Susan Collins Signals Manchin-Schumer Deal Could Thwart Gay Marriage Bill – Newsweek
Republican Senator Susan Collins says negotiations to codify federal protections for same-sex marriage could now be imperiled after Senate Democrats abruptly announced a deal on sweeping tax and domestic spending legislation.
Collins told HuffPost Thursday she faces an uphill battle to convince Republicans to sign on to the gay marriage bill after Democrats a day earlier revived a sweeping spending package that was previously abandoned. A key moderate in the evenly divided Senate, the remarks from Collins signal that congressional Democrats face a delicate balancing act to pass both bills before the impending midterm elections.

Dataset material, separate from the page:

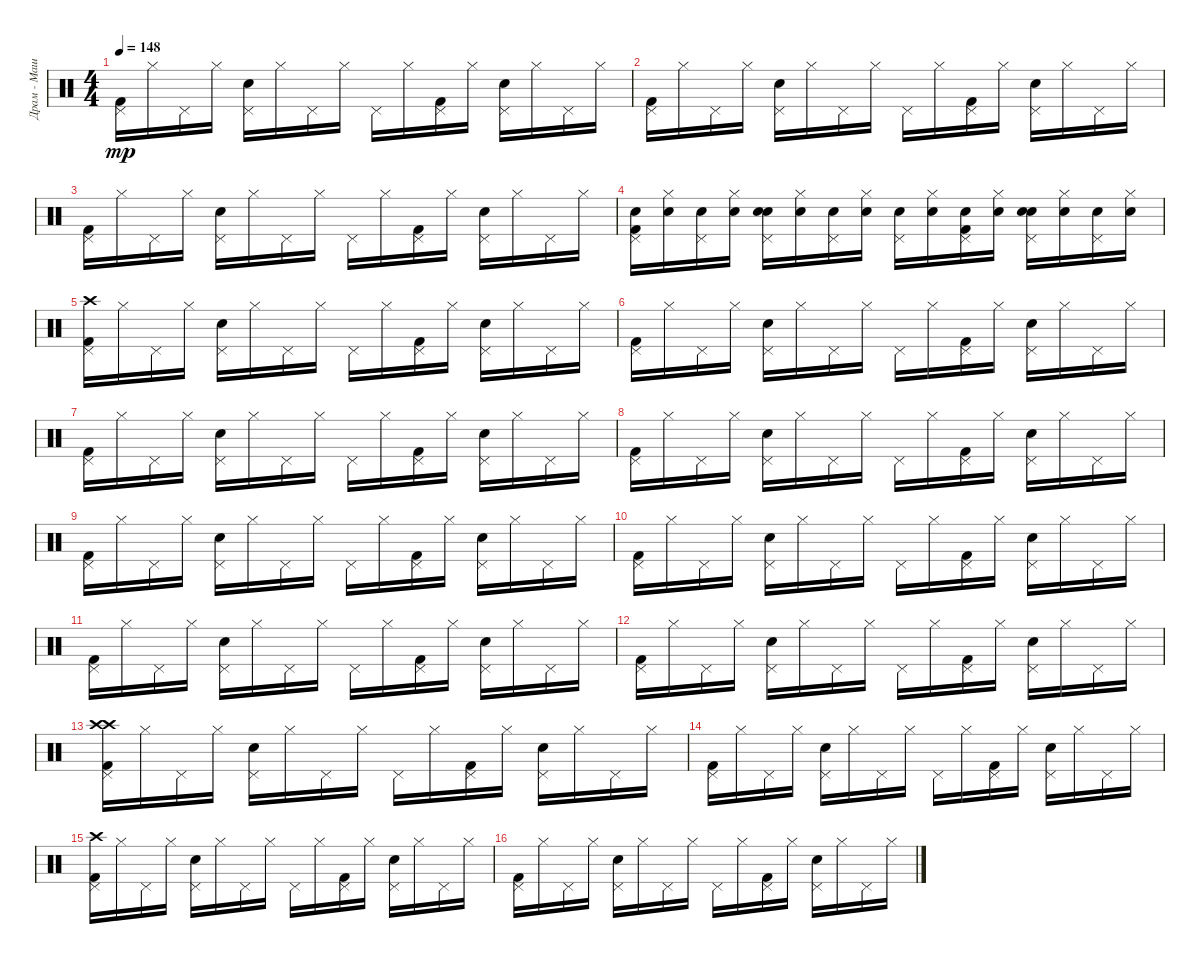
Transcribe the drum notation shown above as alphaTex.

“I just think the timing could not have been worse and it came totally out of the blue,” the Maine Republican told the news outlet.

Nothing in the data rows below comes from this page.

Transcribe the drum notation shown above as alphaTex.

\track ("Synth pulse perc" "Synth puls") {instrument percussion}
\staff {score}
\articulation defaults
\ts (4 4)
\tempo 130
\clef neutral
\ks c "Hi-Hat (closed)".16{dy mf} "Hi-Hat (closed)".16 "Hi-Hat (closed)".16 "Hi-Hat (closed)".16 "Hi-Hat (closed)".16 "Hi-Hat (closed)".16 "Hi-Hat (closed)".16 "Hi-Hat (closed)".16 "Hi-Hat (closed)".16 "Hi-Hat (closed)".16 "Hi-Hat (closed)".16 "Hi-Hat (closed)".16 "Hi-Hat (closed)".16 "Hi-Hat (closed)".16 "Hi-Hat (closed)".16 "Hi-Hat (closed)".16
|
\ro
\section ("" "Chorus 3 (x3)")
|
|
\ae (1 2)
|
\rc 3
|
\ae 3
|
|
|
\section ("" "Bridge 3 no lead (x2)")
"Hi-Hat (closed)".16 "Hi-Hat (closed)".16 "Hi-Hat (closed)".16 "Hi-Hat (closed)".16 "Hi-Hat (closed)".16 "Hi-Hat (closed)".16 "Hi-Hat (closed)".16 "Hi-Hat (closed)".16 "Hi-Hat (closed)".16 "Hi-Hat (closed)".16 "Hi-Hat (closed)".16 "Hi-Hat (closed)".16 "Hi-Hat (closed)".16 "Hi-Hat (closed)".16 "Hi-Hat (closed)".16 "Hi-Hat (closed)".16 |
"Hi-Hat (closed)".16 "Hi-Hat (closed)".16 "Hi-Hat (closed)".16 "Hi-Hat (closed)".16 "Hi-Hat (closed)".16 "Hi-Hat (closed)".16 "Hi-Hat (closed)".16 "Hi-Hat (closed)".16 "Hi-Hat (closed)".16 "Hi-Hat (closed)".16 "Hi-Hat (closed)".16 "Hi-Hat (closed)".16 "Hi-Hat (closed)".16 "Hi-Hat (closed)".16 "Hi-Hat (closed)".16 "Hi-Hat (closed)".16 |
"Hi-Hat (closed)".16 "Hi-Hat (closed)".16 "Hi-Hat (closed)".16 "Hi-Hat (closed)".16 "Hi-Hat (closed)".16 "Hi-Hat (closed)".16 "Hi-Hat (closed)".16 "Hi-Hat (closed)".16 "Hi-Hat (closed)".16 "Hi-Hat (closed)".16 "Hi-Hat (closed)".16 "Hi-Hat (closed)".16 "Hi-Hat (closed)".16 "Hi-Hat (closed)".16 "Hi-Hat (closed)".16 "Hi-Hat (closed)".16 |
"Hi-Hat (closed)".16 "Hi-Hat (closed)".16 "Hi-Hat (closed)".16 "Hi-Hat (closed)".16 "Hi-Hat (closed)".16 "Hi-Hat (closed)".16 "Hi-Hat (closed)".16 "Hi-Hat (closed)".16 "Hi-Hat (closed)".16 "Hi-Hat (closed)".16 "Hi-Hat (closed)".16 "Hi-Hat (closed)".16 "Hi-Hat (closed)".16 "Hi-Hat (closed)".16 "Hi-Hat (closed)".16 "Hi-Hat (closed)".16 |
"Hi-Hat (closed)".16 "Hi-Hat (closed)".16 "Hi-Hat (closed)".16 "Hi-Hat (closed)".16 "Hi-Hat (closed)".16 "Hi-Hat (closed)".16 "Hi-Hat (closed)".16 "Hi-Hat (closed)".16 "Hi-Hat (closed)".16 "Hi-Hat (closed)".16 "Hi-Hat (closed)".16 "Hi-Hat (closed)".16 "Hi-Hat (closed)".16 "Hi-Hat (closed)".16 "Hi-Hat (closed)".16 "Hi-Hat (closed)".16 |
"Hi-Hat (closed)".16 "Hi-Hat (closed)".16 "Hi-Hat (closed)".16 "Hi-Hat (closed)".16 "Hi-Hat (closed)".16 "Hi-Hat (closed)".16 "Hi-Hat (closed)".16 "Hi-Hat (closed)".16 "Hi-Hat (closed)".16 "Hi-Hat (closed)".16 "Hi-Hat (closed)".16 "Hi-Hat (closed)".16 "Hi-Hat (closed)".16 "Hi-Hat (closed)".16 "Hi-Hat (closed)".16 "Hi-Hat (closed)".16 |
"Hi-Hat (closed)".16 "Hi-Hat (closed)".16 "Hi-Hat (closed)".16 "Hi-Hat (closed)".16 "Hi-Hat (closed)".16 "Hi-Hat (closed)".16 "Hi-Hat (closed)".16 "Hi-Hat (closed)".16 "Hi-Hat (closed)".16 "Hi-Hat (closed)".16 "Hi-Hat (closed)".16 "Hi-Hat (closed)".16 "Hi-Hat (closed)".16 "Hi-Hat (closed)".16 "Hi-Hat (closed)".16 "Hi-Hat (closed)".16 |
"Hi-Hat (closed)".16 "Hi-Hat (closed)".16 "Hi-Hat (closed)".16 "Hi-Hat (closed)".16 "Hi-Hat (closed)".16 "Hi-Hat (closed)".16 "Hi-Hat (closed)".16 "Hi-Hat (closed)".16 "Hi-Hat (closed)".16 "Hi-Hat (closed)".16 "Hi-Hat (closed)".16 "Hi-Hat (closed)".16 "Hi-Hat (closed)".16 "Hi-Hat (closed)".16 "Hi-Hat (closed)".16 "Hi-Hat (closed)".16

Senator Mitch McConnell, the Senate’s top Republican, previously threatened to block the CHIPS Act, a bipartisan bill to reduce U.S. reliance on foreign-made semiconductors, unless Democrats agreed to drop the domestic spending package.
A day after the Senate passed the CHIPS Act, Democratic Senator Joe Manchin of West Virginia and Senate Majority Leader Chuck Schumer of New York stunned Washington by announcing they had agreed on the framework on the domestic spending bill that includes money for climate change, health care and measures intended to reduce inflation and the federal deficit.

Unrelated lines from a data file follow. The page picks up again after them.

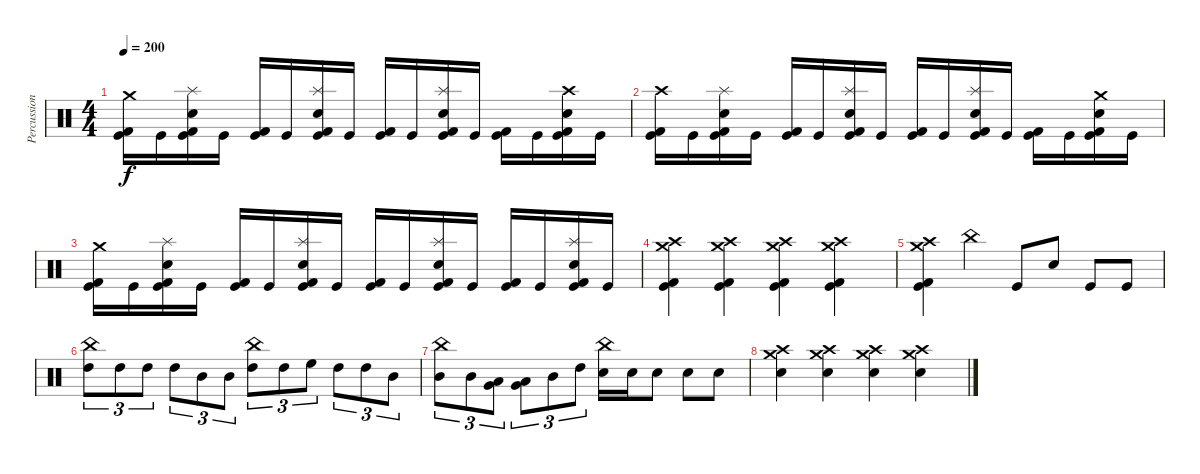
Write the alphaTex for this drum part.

\track ("Percussion" "Percussion") {instrument percussion}
\staff {score}
\articulation defaults
\ts (4 4)
\tempo 200
\clef neutral
\ks c
("Crash medium (hit)" "Kick (hit) 2" "Kick (hit)").16{dy f} "Kick (hit)".16 ("Splash (hit)" "Snare (hit) 2" "Kick (hit) 2" "Kick (hit)").16 "Kick (hit)".16 ("Kick (hit) 2" "Kick (hit)").16 "Kick (hit)".16 ("Splash (hit)" "Snare (hit) 2" "Kick (hit) 2" "Kick (hit)").16 "Kick (hit)".16 ("Kick (hit) 2" "Kick (hit)").16 "Kick (hit)".16 ("Splash (hit)" "Snare (hit) 2" "Kick (hit) 2" "Kick (hit)").16 "Kick (hit)".16 ("Kick (hit) 2" "Kick (hit)").16 "Kick (hit)".16 ("Crash high (hit)" "Snare (hit) 2" "Kick (hit) 2" "Kick (hit)").16 "Kick (hit)".16 |
("Crash high (hit)" "Kick (hit) 2" "Kick (hit)").16 "Kick (hit)".16 ("Splash (hit)" "Snare (hit) 2" "Kick (hit) 2" "Kick (hit)").16 "Kick (hit)".16 ("Kick (hit) 2" "Kick (hit)").16 "Kick (hit)".16 ("Splash (hit)" "Snare (hit) 2" "Kick (hit) 2" "Kick (hit)").16 "Kick (hit)".16 ("Kick (hit) 2" "Kick (hit)").16 "Kick (hit)".16 ("Splash (hit)" "Snare (hit) 2" "Kick (hit) 2" "Kick (hit)").16 "Kick (hit)".16 ("Kick (hit) 2" "Kick (hit)").16 "Kick (hit)".16 ("Crash medium (hit)" "Snare (hit) 2" "Kick (hit) 2" "Kick (hit)").16 "Kick (hit)".16 |
("Crash medium (hit)" "Kick (hit) 2" "Kick (hit)").16 "Kick (hit)".16 ("Splash (hit)" "Snare (hit) 2" "Kick (hit) 2" "Kick (hit)").16 "Kick (hit)".16 ("Kick (hit) 2" "Kick (hit)").16 "Kick (hit)".16 ("Splash (hit)" "Snare (hit) 2" "Kick (hit) 2" "Kick (hit)").16 "Kick (hit)".16 ("Kick (hit) 2" "Kick (hit)").16 "Kick (hit)".16 ("Splash (hit)" "Snare (hit) 2" "Kick (hit) 2" "Kick (hit)").16 "Kick (hit)".16 ("Kick (hit) 2" "Kick (hit)").16 "Kick (hit)".16 ("Splash (hit)" "Snare (hit) 2" "Kick (hit) 2" "Kick (hit)").16 "Kick (hit)".16 |
("Crash high (hit)" "Crash medium (hit)" "Kick (hit) 2" "Kick (hit)").4 ("Crash high (hit)" "Crash medium (hit)" "Kick (hit) 2" "Kick (hit)").4 ("Crash high (hit)" "Crash medium (hit)" "Kick (hit) 2" "Kick (hit)").4 ("Crash high (hit)" "Crash medium (hit)" "Kick (hit) 2" "Kick (hit)").4 |
("Crash high (hit)" "Crash medium (hit)" "Kick (hit) 2" "Kick (hit)").4 "China (hit)".4 "Kick (hit)".8 "Snare (hit) 2".8 "Kick (hit)".8 "Kick (hit)".8 |
("China (hit)" "High Tom (hit)").8{tu (3 2)} "High Tom (hit)".8{tu (3 2)} "High Tom (hit)".8{tu (3 2)} "High Tom (hit)".8{tu (3 2)} "Mid Tom (hit)".8{tu (3 2)} "Mid Tom (hit)".8{tu (3 2)} ("China (hit)" "High Tom (hit)").8{tu (3 2)} "High Tom (hit)".8{tu (3 2)} "High Floor Tom (hit)".8{tu (3 2)} "High Tom (hit)".8{tu (3 2)} "High Tom (hit)".8{tu (3 2)} "Mid Tom (hit)".8{tu (3 2)} |
("China (hit)" "Mid Tom (hit)").8{tu (3 2)} "Mid Tom (hit)".8{tu (3 2)} ("Very Low Tom (hit)" "Low Floor Tom (hit)").8{tu (3 2)} ("Very Low Tom (hit)" "Low Floor Tom (hit)").8{tu (3 2)} "Mid Tom (hit)".8{tu (3 2)} "High Tom (hit)".8{tu (3 2)} ("China (hit)" "Snare (hit) 2").16 "Snare (hit) 2".16 "Snare (hit) 2".8 "Snare (hit) 2".8 "Snare (hit) 2".8 |
("Crash high (hit)" "Crash medium (hit)" "Snare (hit) 2").4 ("Crash high (hit)" "Crash medium (hit)" "Snare (hit) 2").4 ("Crash high (hit)" "Crash medium (hit)" "Snare (hit) 2").4 ("Crash high (hit)" "Crash medium (hit)" "Snare (hit) 2").4

The legislation, dubbed the Inflation Reduction Act of 2022, still faces uncertainty over potential disagreements among Democrats over its tax provisions.
But Republicans reacted angrily to Manchin’s change of heart after he balked at a more expansive version of the bill. Senate Democrats intend to use an infrequently used budget procedure, called reconciliation, to sidestep the filibuster and pass the spending bill through the split chamber on a party-line vote.
Collins told HuffPost that the way Manchin and Schumer kept their negotiations off to the side until the CHIPS Act passed undermines efforts to find bipartisan agreements in the Senate. Now, she said, it’s less likely enough Senate Republicans will support the gay marriage bill to overcome the chamber’s 60-vote threshold to advance legislation.
“After we just had worked together successfully on gun safety legislation, on the CHIPS bill, it was a very unfortunate move that destroys the many bipartisan efforts that are under way,” she said.
The House last week passed the Respect for Marriage Act with 47 Republicans voting in favor of it. The bill enshrines same-sex marriage protections into federal law and was introduced out of concerns that the conservative-majority Supreme Court will target those safeguards.
Proponents of the bill have held out hopes that 10 Senate Republicans will back protections for same-sex marriage, which has been increasingly accepted by the public.
But the bill already faces difficult prospects in the Senate. Recently, Republican Senator Marco Rubio of Florida dismissed the need for the bill, calling it a “stupid waste of time.”
Newsweek has reached out to Schumer’s office for comment.